Wali Kota Maulana turun langsung menghadiri kegiatan Operasi Pasar Minyak Kita yang digelar di kawasan Jerambah Bolong, Selasa (19/5), sebagai langkah menjaga kestabilan harga sekaligus memastikan kebutuhan masyarakat tetap terpenuhi.Dalam keterangannya kepada awak media, Maulana mengatakan momentum hari besar keagamaan hampir selalu diikuti kenaikan harga sejumlah komoditas penting. Karena itu, pemerintah memilih melakukan intervensi melalui operasi pasar yang akan digelar secara bertahap di seluruh kecamatan di Kota Jambi.
“Kita menghadapi hari besar agama yaitu Iduladha. Biasanya menjelang hari raya terjadi kenaikan harga bahan pokok. Maka kami melakukan operasi pasar di seluruh kecamatan se-Kota Jambi,” ujar Maulana.
Ia menjelaskan, sejumlah kebutuhan pokok yang disiapkan dalam operasi pasar tersebut meliputi minyak goreng Minyak Kita, beras, gula pasir hingga gas elpiji. Seluruh komoditas dijual dengan harga di bawah standar pasar agar daya beli masyarakat tetap terjaga menjelang hari raya.
Menurut Maulana, langkah tersebut juga menjadi bagian dari upaya pengendalian inflasi daerah.
Pemerintah Kota Jambi ingin memastikan masyarakat tidak terbebani lonjakan harga, terutama untuk kebutuhan pokok yang paling banyak dicari menjelang Iduladha.
“Semua kita harapkan agar tidak ada kenaikan harga menjelang sampai pelaksanaan hari raya. Ini bagian dari upaya pengendalian inflasi. Mudah-mudahan bermanfaat karena barang-barang yang dijual hari ini di bawah harga standar,” katanya.
Sementara itu, Kepala Dinas Perindustrian dan Perdagangan Kota Jambi, Nella Ervina mengatakan operasi pasar tersebut merupakan program yang diinisiasi langsung oleh Wali Kota Jambi untuk memastikan masyarakat memperoleh kebutuhan pokok dengan harga sesuai ketentuan pemerintah.
Ia mengungkapkan, pihaknya banyak menerima laporan dari masyarakat terkait sulitnya mendapatkan sejumlah komoditas di lapangan, seperti Minyak Kita, gula pasir, hingga beras SPHP. Kalaupun tersedia, harga jualnya disebut telah melampaui Harga Eceran Tertinggi (HET).

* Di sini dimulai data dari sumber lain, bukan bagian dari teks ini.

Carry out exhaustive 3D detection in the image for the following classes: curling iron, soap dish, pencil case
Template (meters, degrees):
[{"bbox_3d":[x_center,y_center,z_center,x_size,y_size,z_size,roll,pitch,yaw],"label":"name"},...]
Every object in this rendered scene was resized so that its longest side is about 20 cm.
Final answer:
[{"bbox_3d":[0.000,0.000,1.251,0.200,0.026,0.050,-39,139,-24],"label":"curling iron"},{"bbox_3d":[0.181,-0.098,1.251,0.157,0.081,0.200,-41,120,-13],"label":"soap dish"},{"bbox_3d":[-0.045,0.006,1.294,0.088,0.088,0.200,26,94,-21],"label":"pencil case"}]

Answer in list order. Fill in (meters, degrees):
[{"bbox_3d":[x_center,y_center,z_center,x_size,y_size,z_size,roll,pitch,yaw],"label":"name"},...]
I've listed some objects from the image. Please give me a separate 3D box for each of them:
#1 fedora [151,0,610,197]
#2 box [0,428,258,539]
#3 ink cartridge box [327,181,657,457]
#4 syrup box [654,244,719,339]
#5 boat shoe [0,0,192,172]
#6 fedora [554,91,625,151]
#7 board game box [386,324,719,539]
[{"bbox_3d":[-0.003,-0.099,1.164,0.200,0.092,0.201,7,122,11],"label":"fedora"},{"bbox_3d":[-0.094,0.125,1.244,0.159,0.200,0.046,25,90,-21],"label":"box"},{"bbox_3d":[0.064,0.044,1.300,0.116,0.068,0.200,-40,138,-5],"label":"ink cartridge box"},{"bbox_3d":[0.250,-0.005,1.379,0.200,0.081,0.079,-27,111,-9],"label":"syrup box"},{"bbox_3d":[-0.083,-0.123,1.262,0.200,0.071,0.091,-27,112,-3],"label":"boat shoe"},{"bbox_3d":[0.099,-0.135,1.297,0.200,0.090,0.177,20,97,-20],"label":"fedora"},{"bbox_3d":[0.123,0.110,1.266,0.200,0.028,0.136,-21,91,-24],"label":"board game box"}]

“Oleh karena itu kami bekerjasama dengan BULOG untuk memastikan masyarakat yang memang berhak mendapatkan kebutuhan itu bisa memperoleh dengan harga sesuai HET,” ujarnya.
Nella menambahkan, kegiatan di Jerambah Bolong menjadi tahap awal atau launching pelaksanaan operasi pasar murah di Kota Jambi. Setelah ini, program serupa akan diperluas ke tingkat kecamatan hingga kelurahan agar jangkauannya lebih merata dan dirasakan langsung oleh masyarakat.